§ What the exercise asks:
Each record below must come back exactly as written; its pictures must not.

(Collected data entries)
::::

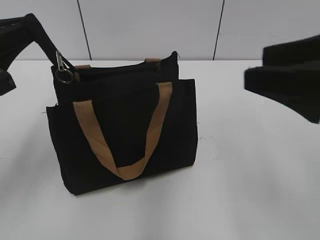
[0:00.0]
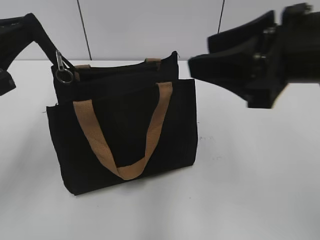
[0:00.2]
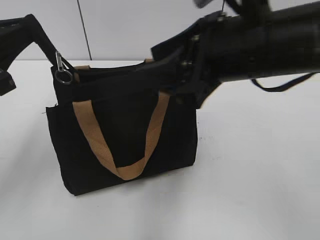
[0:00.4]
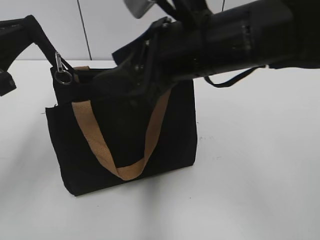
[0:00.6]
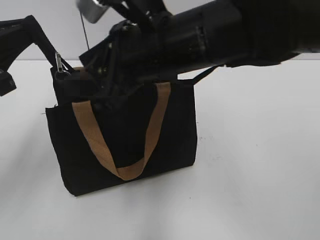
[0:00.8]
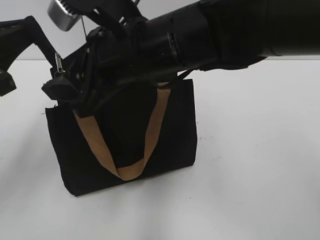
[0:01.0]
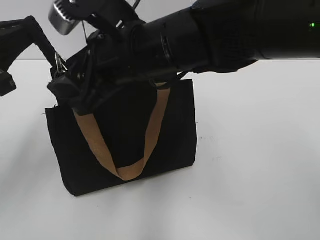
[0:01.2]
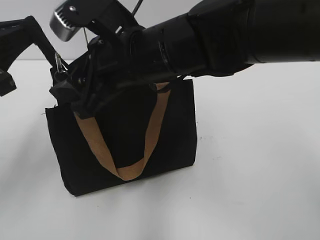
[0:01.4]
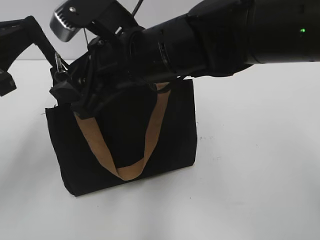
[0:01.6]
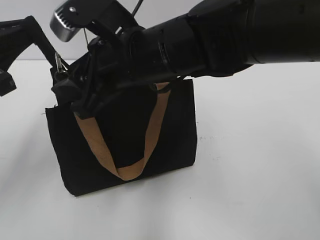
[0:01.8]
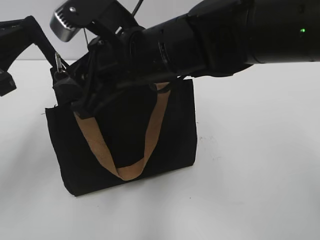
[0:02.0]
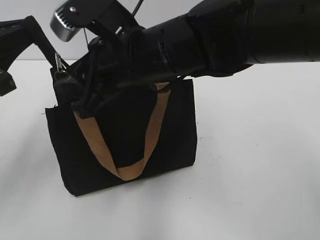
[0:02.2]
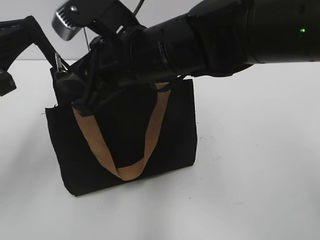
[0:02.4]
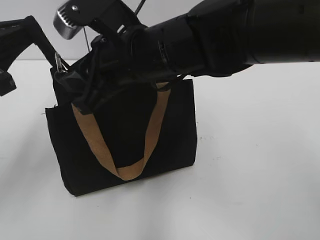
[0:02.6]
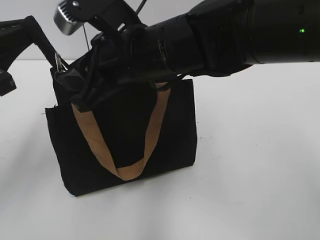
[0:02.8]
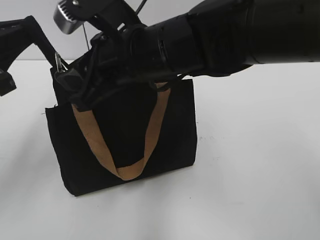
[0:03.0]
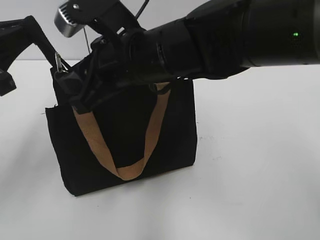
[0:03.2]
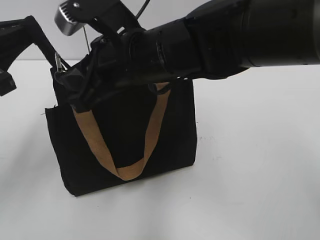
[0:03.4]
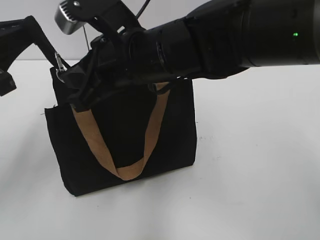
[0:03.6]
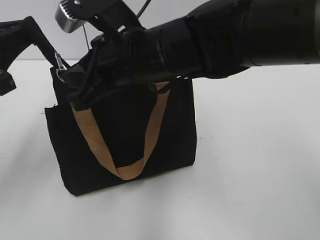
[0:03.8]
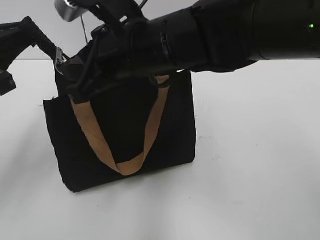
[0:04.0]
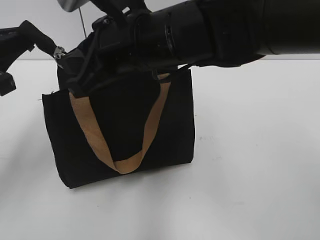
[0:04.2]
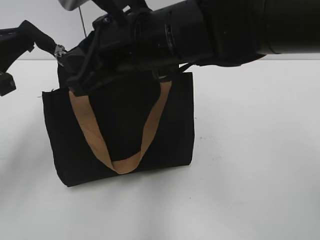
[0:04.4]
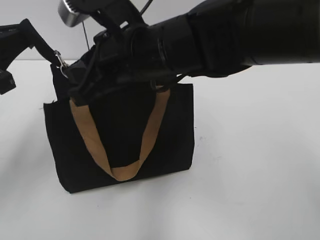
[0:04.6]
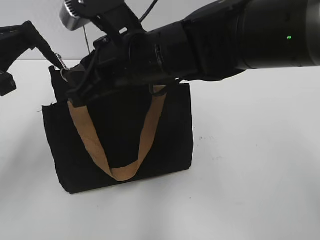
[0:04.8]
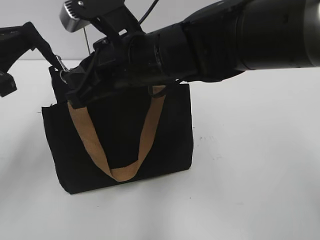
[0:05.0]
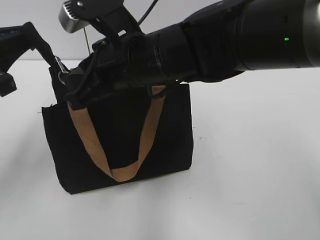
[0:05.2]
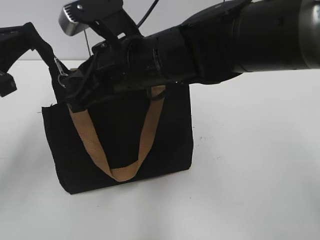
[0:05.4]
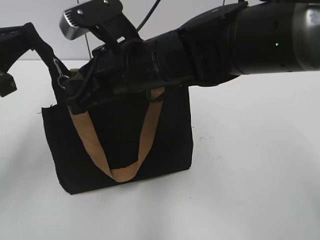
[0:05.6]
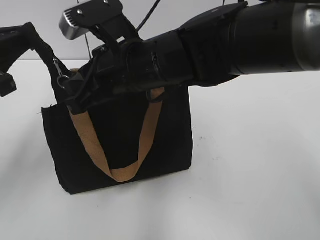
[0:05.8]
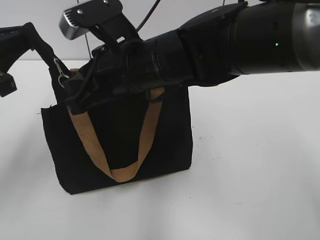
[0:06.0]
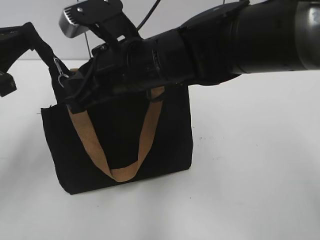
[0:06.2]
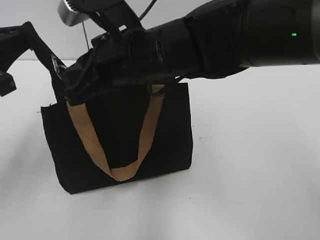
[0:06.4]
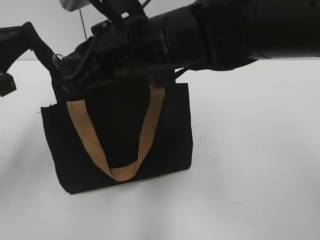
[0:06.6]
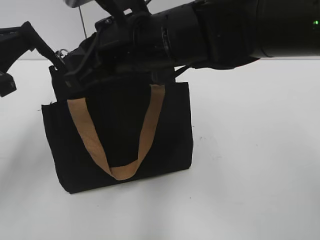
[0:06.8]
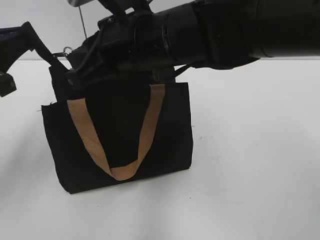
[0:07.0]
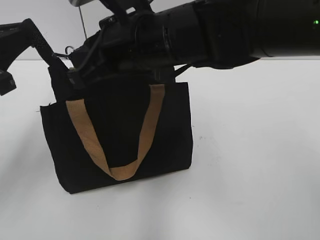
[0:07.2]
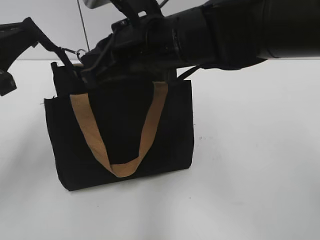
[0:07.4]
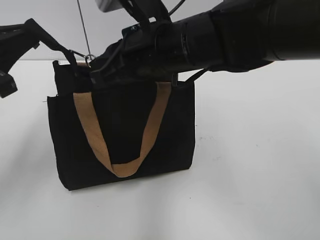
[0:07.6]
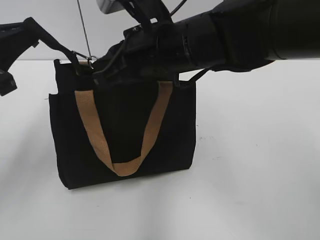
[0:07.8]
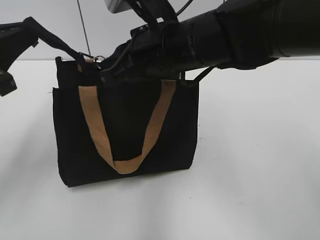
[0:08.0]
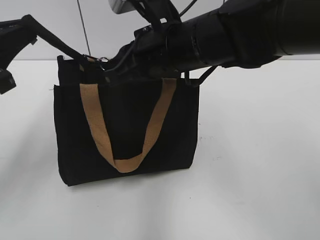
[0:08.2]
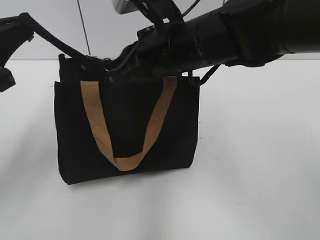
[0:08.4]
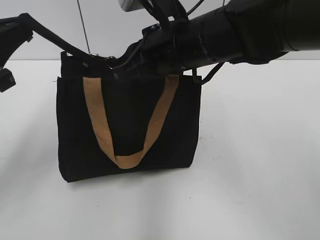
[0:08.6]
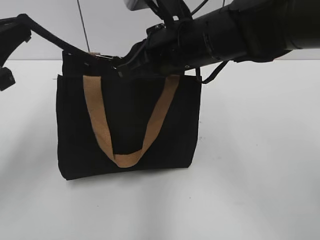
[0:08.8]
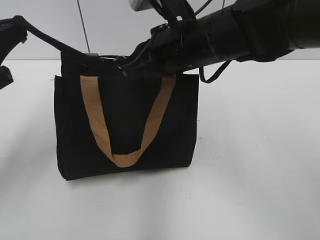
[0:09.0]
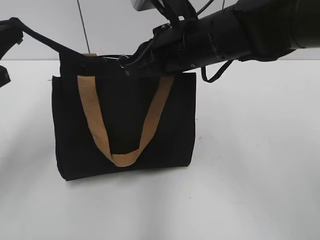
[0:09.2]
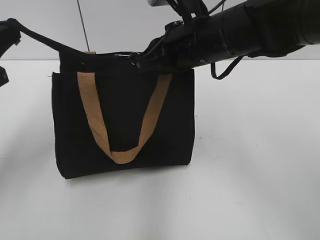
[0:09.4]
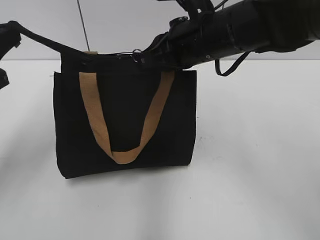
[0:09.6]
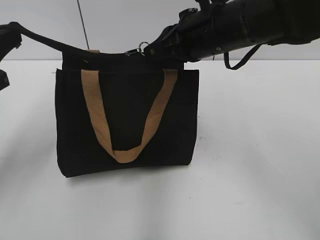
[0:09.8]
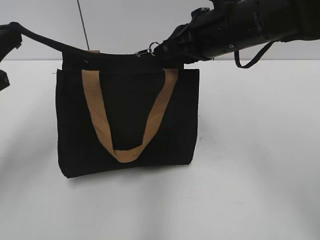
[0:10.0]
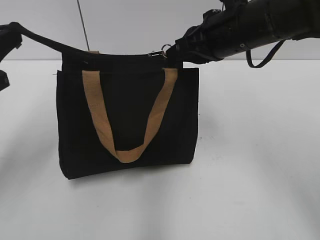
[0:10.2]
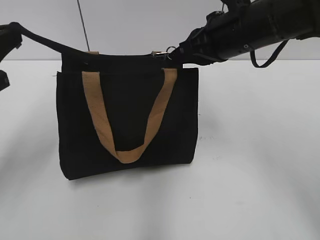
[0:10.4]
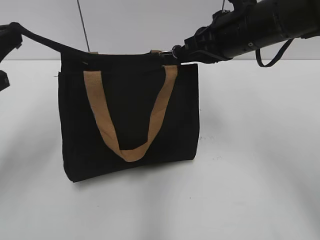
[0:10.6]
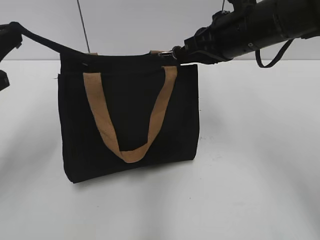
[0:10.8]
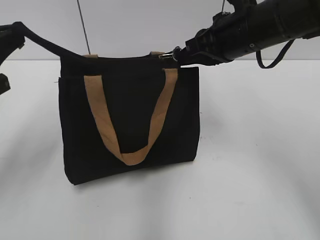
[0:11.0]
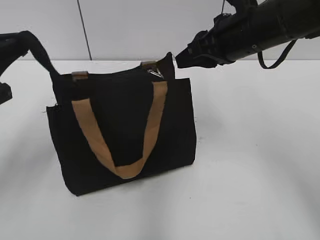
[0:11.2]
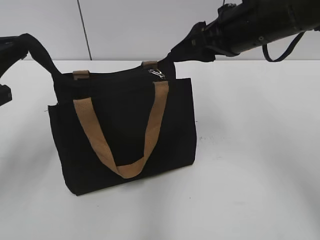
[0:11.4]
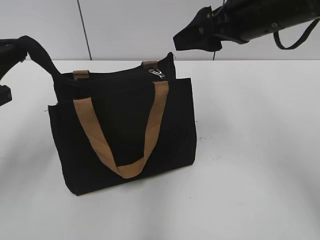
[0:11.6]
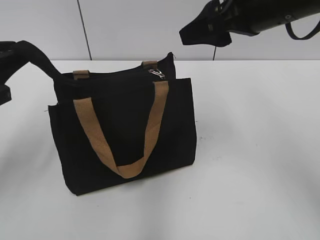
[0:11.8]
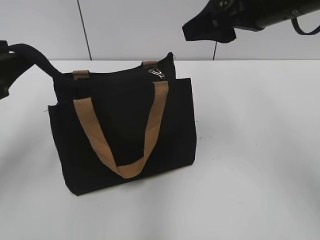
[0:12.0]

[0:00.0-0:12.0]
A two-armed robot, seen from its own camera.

::::

§ Solution to this exercise:
[0:00.0]
[0:00.2]
[0:00.4]
[0:00.6]
[0:00.8]
[0:01.0]
[0:01.2]
[0:01.4]
[0:01.6]
[0:01.8]
[0:02.0]
[0:02.2]
[0:02.4]
[0:02.6]
[0:02.8]
[0:03.0]
[0:03.2]
[0:03.4]
[0:03.6]
[0:03.8]
[0:04.0]
[0:04.2]
[0:04.4]
[0:04.6]
[0:04.8]
[0:05.0]
[0:05.2]
[0:05.4]
[0:05.6]
[0:05.8]
[0:06.0]
[0:06.2]
[0:06.4]
[0:06.6]
[0:06.8]
[0:07.0]
[0:07.2]
[0:07.4]
[0:07.6]
[0:07.8]
[0:08.0]
[0:08.2]
[0:08.4]
[0:08.6]
[0:08.8]
[0:09.0]
[0:09.2]
[0:09.4]
[0:09.6]
[0:09.8]
[0:10.0]
[0:10.2]
[0:10.4]
[0:10.6]
[0:10.8]
[0:11.0]
[0:11.2]
[0:11.4]
[0:11.6]
[0:11.8]
[0:12.0]

[0:00.0-0:12.0]
A two-armed robot, seen from its own camera.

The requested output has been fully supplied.